We do not think that the evidence, applied to the rules of law, would permit the character of deceased to be made a matter of controversy in this case, and such testimony was properly ruled out.

The third point made by defendant’s counsel is in reference to the admonitions of the judge to the jury. After the jury had been out, they came into the court on the third day and the judge charged them as follows: That it was the duty of the jury to agree. “And that considering the great expense attending criminal trials of this character, every reasonable effort should be made for that purpose. No pride of opinion should prevent any number of jurors from agreeing to a verdict when they can conscientiously agree to do so; and it is the duty of a jury to harmonize their opinions, if possible. I think, considering the importance of this case, I am justified in requiring you to make further effort to harmonize your opinions, and you will, therefore, return to consider further upon your verdict.”

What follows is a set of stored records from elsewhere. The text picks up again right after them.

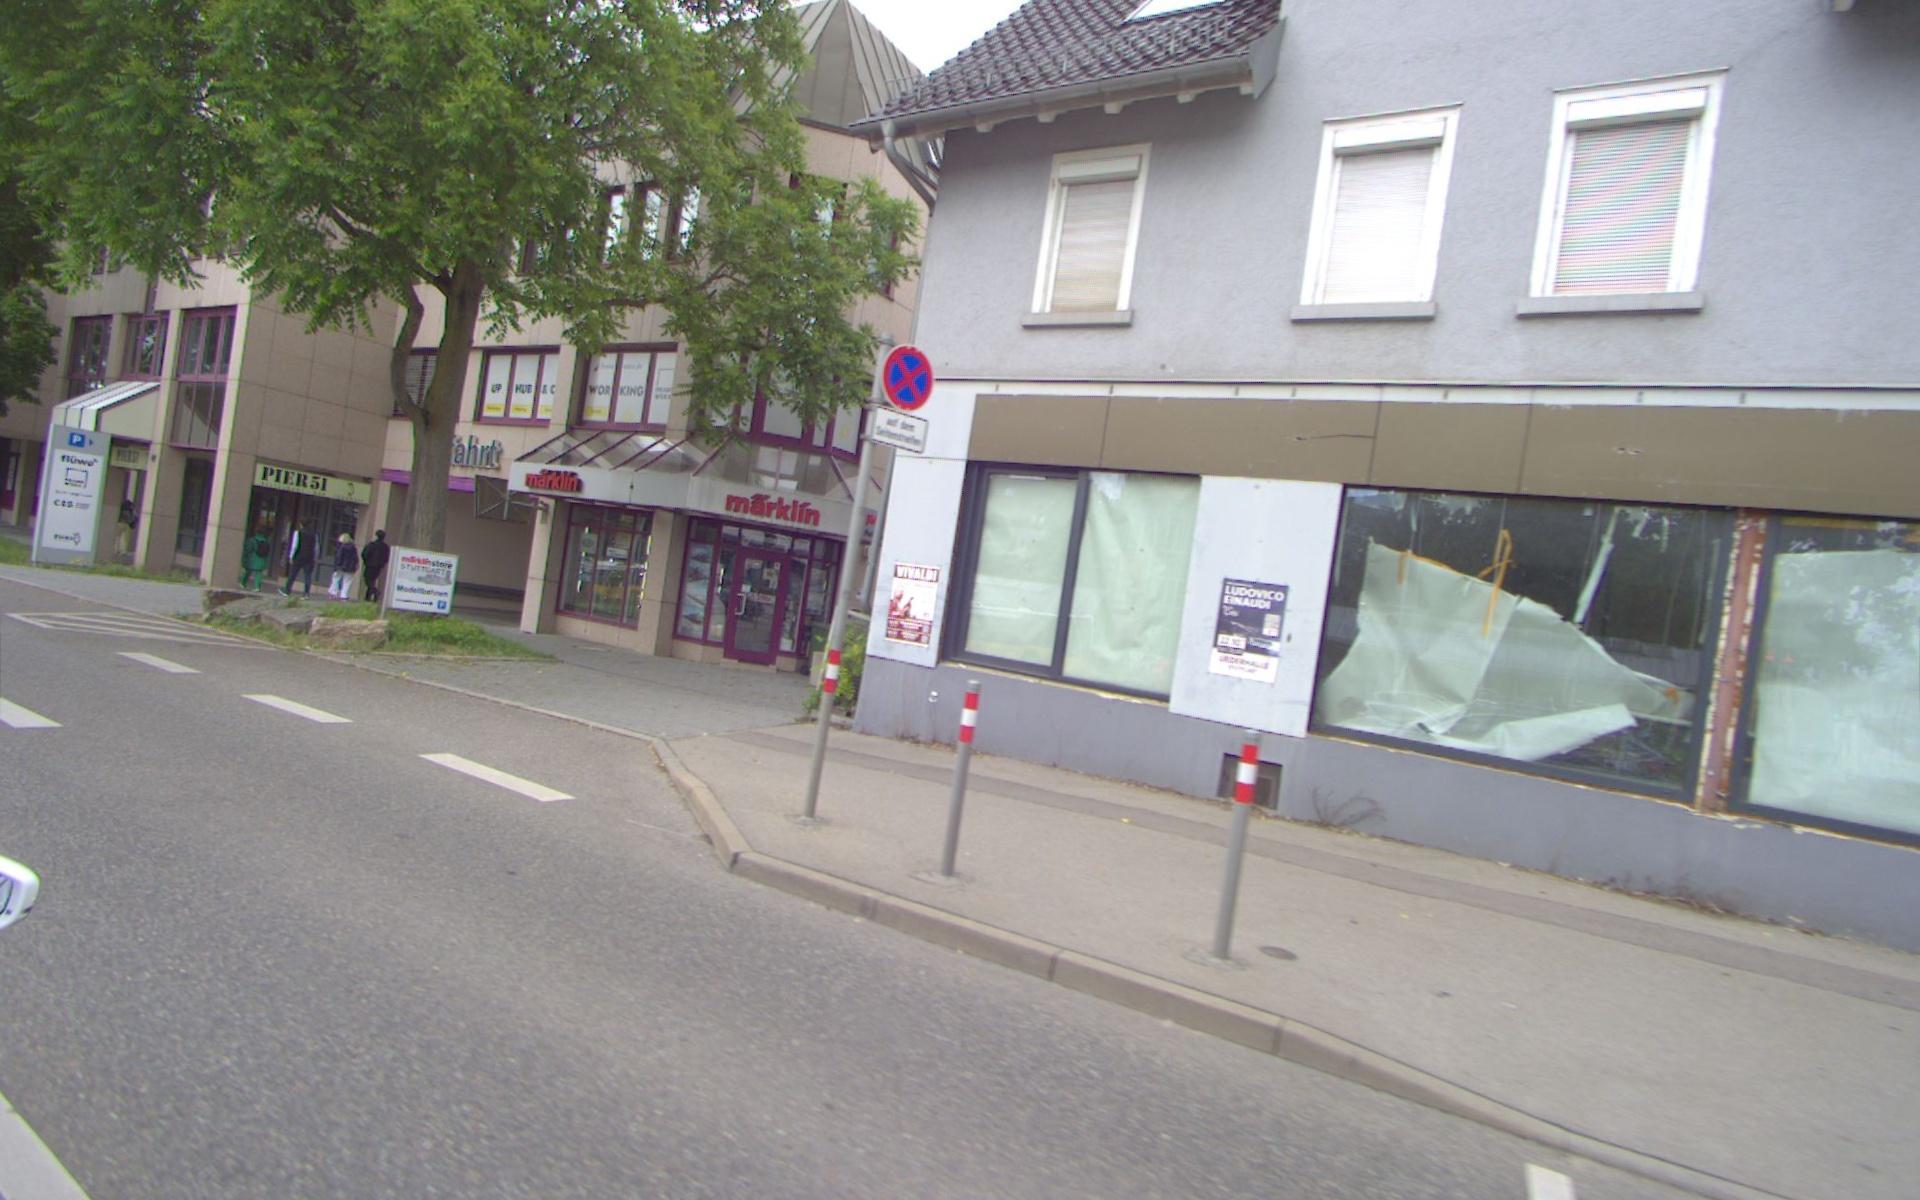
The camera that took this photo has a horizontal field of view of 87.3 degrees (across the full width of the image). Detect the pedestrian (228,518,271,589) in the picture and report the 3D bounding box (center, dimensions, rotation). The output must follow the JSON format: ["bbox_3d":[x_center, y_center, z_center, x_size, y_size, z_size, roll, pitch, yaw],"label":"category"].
[{"bbox_3d":[-16.584,-1.075,23.477,0.535,1.570,0.561,7,2,32],"label":"pedestrian"}]

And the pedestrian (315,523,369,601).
[{"bbox_3d":[-14.445,-0.882,23.519,0.829,1.713,0.657,7,2,33],"label":"pedestrian"}]

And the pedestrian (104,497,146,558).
[{"bbox_3d":[-25.472,-2.200,30.697,0.954,1.726,0.595,7,0,33],"label":"pedestrian"}]

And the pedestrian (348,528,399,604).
[{"bbox_3d":[-14.111,-0.822,24.204,0.829,1.713,0.657,7,2,33],"label":"pedestrian"}]

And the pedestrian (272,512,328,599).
[{"bbox_3d":[-14.980,-1.008,22.840,0.829,1.850,0.657,7,2,33],"label":"pedestrian"}]

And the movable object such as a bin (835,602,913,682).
[{"bbox_3d":[-1.695,0.832,19.881,1.068,1.431,0.885,7,0,31],"label":"movable object such as a bin"}]

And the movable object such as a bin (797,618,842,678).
[{"bbox_3d":[-2.738,0.940,19.621,0.551,1.079,0.489,7,0,31],"label":"movable object such as a bin"}]

There is no limitation, either by statute or common law, *228for keeping tbe jury together. The time is entirely within the sound discretion of the court. Two days and a half is not an unreasonable time, especially when there is a probability that the jury can agree. We can see no abuse of discretion in this respect. To charge the jury that it is their duty to agree is one of the most common 'charges made by every judge. For that purpose, and that only, are they sent out to deliberate upon their verdict; otherwise they would give their verdict in their seats without consulting each other. Taken in connection with the latter part of the charge, which says they should harmonize their opinions if they can conscientiously do so, we are at a loss to discover how the charge should work any injury to the defendant if the jury were to find a verdict upon such a charge. It could not be inferred that they would be any more likely to convict than they would to acquit.

The ruling of the court below is sustained.

The order overruling the motion for a new trial is sustained and the judgment below affirmed, with directions to the court below to fix the time for carrying the judgment into effect.